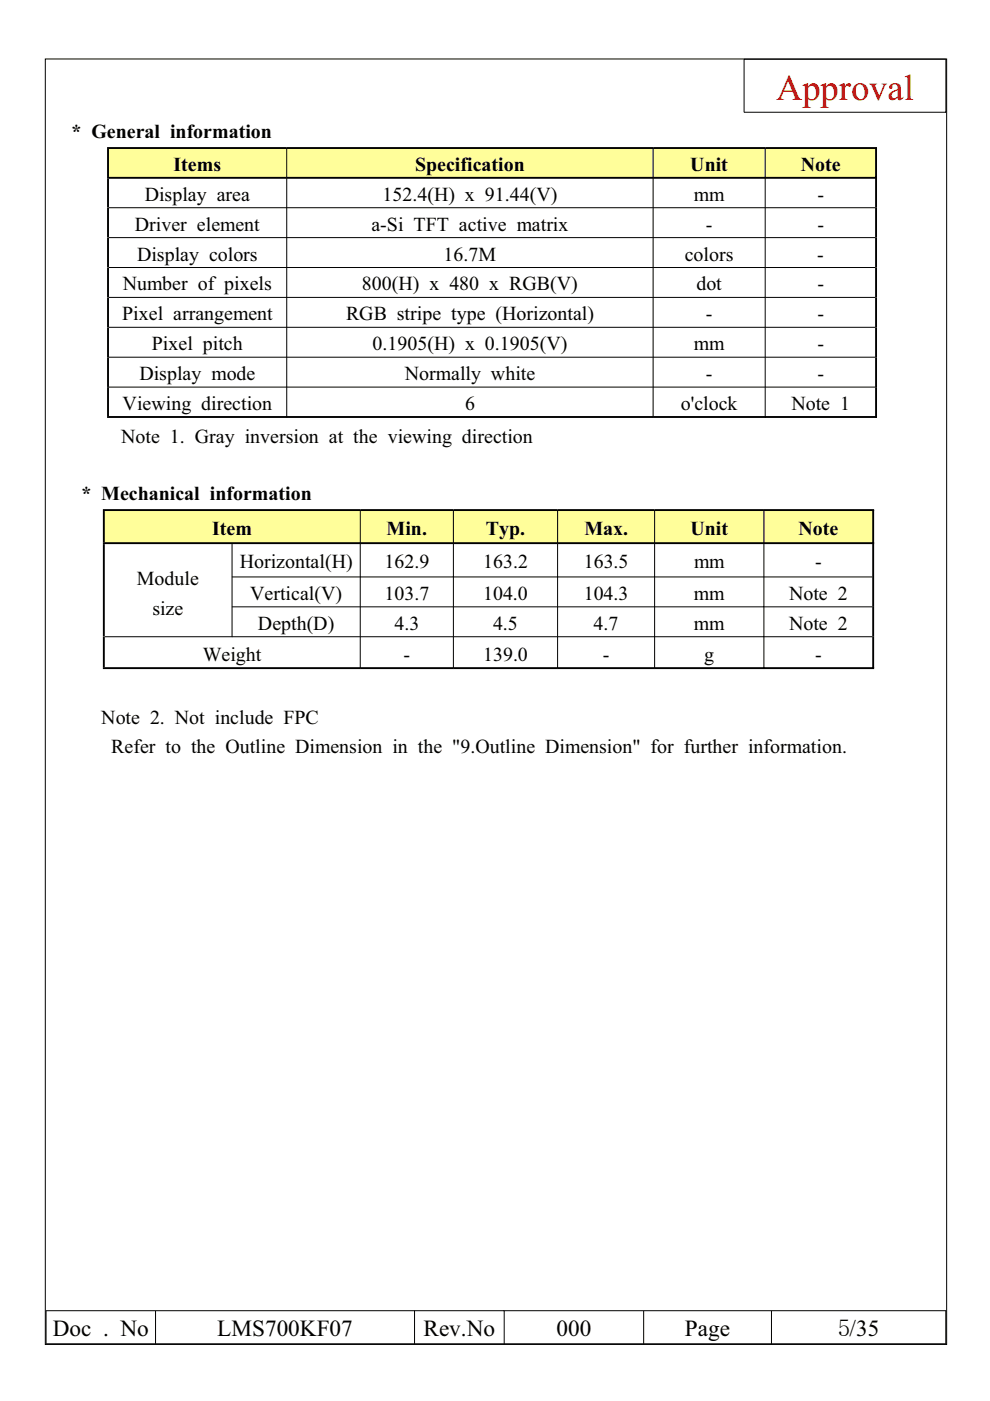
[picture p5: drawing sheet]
<svg xmlns="http://www.w3.org/2000/svg" width="210mm" height="297mm" viewBox="0 0 210 297" stroke-linecap="round" stroke-linejoin="round" font-family="sans-serif">
<defs><g id="words">
<text font-size="7.8" fill="#f00" x="164.6" y="21.2">Approval</text>
<g font-size="4.9">
<text x="11.2" y="283.4">Doc . No</text>
<text x="46.1" y="283.4">LMS700KF07</text>
<text x="89.8" y="283.4">Rev.No</text>
<text x="118" y="283.4">000</text>
<text x="145.3" y="283.4">Page</text>
<text x="177.8" y="283.2">ڐ/35</text>
</g>
<g font-size="4.2">
<text x="15.1" y="29.3">* General information</text>
<text x="36.8" y="36.3">Items</text>
<text x="88" y="36.3">Specification</text>
<text x="146.4" y="36.3">Unit</text>
<text x="169.8" y="36.3">Note</text>
<text x="30.7" y="42.6">Display area</text>
<text x="81.1" y="42.6">152.4(H) x 91.44(V)</text>
<text x="147.2" y="42.6">mm</text>
<text x="173.4" y="42.6">-</text>
<text x="28.6" y="48.9">Driver element</text>
<text x="78.8" y="48.9">a-Si TFT active matrix</text>
<text x="149.7" y="48.9">-</text>
<text x="173.4" y="48.9">-</text>
<text x="29.1" y="55.2">Display colors</text>
<text x="94.1" y="55.2">16.7M</text>
<text x="145.2" y="55.2">colors</text>
<text x="173.3" y="55.2">-</text>
<text x="26" y="61.6">Number of pixels</text>
<text x="76.8" y="61.6">800(H) x 480 x RGB(V)</text>
<text x="147.7" y="61.6">dot</text>
<text x="173.4" y="61.6">-</text>
<text x="25.9" y="67.9">Pixel arrangement</text>
<text x="73.4" y="67.9">RGB stripe type (Horizontal)</text>
<text x="149.7" y="67.9">-</text>
<text x="173.4" y="67.9">-</text>
<text x="32.2" y="74.3">Pixel pitch</text>
<text x="79" y="74.3">0.1905(H) x 0.1905(V)</text>
<text x="147.2" y="74.3">mm</text>
<text x="173.4" y="74.3">-</text>
<text x="29.6" y="80.6">Display mode</text>
<text x="85.9" y="80.6">Normally white</text>
<text x="149.7" y="80.6">-</text>
<text x="173.4" y="80.6">-</text>
<text x="26" y="86.9">Viewing direction</text>
<text x="98.6" y="86.9">6</text>
<text x="144.4" y="86.9">o'clock</text>
<text x="167.9" y="86.9">Note 1</text>
<text x="25.7" y="94">Note 1. Gray inversion at the viewing direction</text>
<text x="17.3" y="106">* Mechanical information</text>
<text x="45" y="113.4">Item</text>
<text x="82" y="113.4">Min.</text>
<text x="103.1" y="113.4">Typ.</text>
<text x="123.9" y="113.4">Max.</text>
<text x="146.4" y="113.4">Unit</text>
<text x="169.4" y="113.4">Note</text>
<text x="29" y="124.1">Module</text>
<text x="50.9" y="120.4">Horizontal(H)</text>
<text x="81.6" y="120.4">162.9</text>
<text x="102.5" y="120.4">163.2</text>
<text x="123.8" y="120.4">163.5</text>
<text x="147.2" y="120.4">mm</text>
<text x="172.9" y="120.4">-</text>
<text x="32.3" y="130.5">size</text>
<text x="53.1" y="127.2">Vertical(V)</text>
<text x="81.6" y="127.2">103.7</text>
<text x="102.5" y="127.2">104.0</text>
<text x="123.8" y="127.2">104.3</text>
<text x="147.2" y="127.2">mm</text>
<text x="167.4" y="127.2">Note 2</text>
<text x="54.7" y="133.5">Depth(D)</text>
<text x="83.7" y="133.5">4.3</text>
<text x="104.6" y="133.5">4.5</text>
<text x="125.9" y="133.5">4.7</text>
<text x="147.2" y="133.5">mm</text>
<text x="167.4" y="133.5">Note 2</text>
<text x="43" y="140">Weight</text>
<text x="85.6" y="140">-</text>
<text x="102.5" y="140">139.0</text>
<text x="127.8" y="140">-</text>
<text x="149.4" y="140">g</text>
<text x="172.9" y="140">-</text>
<text x="21.5" y="153.6">Note 2. Not include FPC</text>
<text x="23.6" y="159.6">Refer to the Outline Dimension in the &quot;9.Outline Dimension&quot; for further information.</text>
</g>
</g></defs>
<path d="M9.6 12.5h191.2v272.5h-191.2zM157.8 12.5h42.8v11.3h-42.8zM9.7 277.9h191M9.8 277.9v7M33 277.9v7M87.9 277.9v7M106.9 277.9v7M136.5 277.9v7M163.6 277.9v7M200.6 277.9v7M9.7 284.9h191" fill="none" stroke="#000" stroke-width=".21"/>
<g fill="#000">
<path d="M157.8 12.5l.1 .1z" fill-rule="evenodd"/>
<path d="M200.6 12.5h.1z" fill-rule="evenodd"/>
<path d="M157.8 23.7v.2z" fill-rule="evenodd"/>
<path d="M200.6 23.7l.1 .2z" fill-rule="evenodd"/>
</g>
<g fill="#fffe9a">
<path d="M22.9 31.4h37.9v6.3h-37.9z"/>
<path d="M60.8 31.4h77.7v6.3h-77.7z"/>
<path d="M138.5 31.4h23.8v6.3h-23.8z"/>
<path d="M162.3 31.4h23.5v6.3h-23.5z"/>
</g>
<path d="M22.7 31.4h163.3M22.7 37.7h163.3M22.9 31.6v5.9M22.9 37.9v50.3M185.8 31.4v57M22.7 88.4h163.3" fill="none" stroke="#000" stroke-width=".4"/>
<path d="M60.8 31.4v57M138.5 31.4v57M162.3 31.4v57M23.1 44h162.5M23.1 50.4h162.5M23.1 56.7h162.5M23.1 63.1h162.5M23.1 69.4h162.5M23.1 75.7h162.5M23.1 82.1h162.5" fill="none" stroke="#000" stroke-width=".21"/>
<g fill="#fffe9a">
<path d="M22 108.1h54.4v7.1h-54.4z"/>
<path d="M76.4 108.1h19.8v7.1h-19.8z"/>
<path d="M96.2 108.1h22.1v7.1h-22.1z"/>
<path d="M118.3 108.1h20.6v7.1h-20.6z"/>
<path d="M138.9 108.1h23.1v7.1h-23.1z"/>
<path d="M162 108.1h23.2v7.1h-23.2z"/>
</g>
<path d="M21.8 108.1h163.6M21.8 115.2h163.6M22 108.3v6.7M22 115.4v26.1M185.2 108.1v33.6M21.8 141.7h163.6" fill="none" stroke="#000" stroke-width=".4"/>
<path d="M49.2 115.2v19.8M76.4 108.1v33.6M96.2 108.1v33.6M118.3 108.1v33.6M138.8 108.1v33.6M162 108.1v33.6M22.2 135h162.8M49.2 122.3h135.8M49.2 128.7h135.8" fill="none" stroke="#000" stroke-width=".21"/>
<use href="#words"/>
</svg>

**Exercise brief**
The answer must consist of every line from the data that holds the string "evenodd".

**Solution below**
<path d="M157.8 12.5l.1 .1z" fill-rule="evenodd"/>
<path d="M200.6 12.5h.1z" fill-rule="evenodd"/>
<path d="M157.8 23.7v.2z" fill-rule="evenodd"/>
<path d="M200.6 23.7l.1 .2z" fill-rule="evenodd"/>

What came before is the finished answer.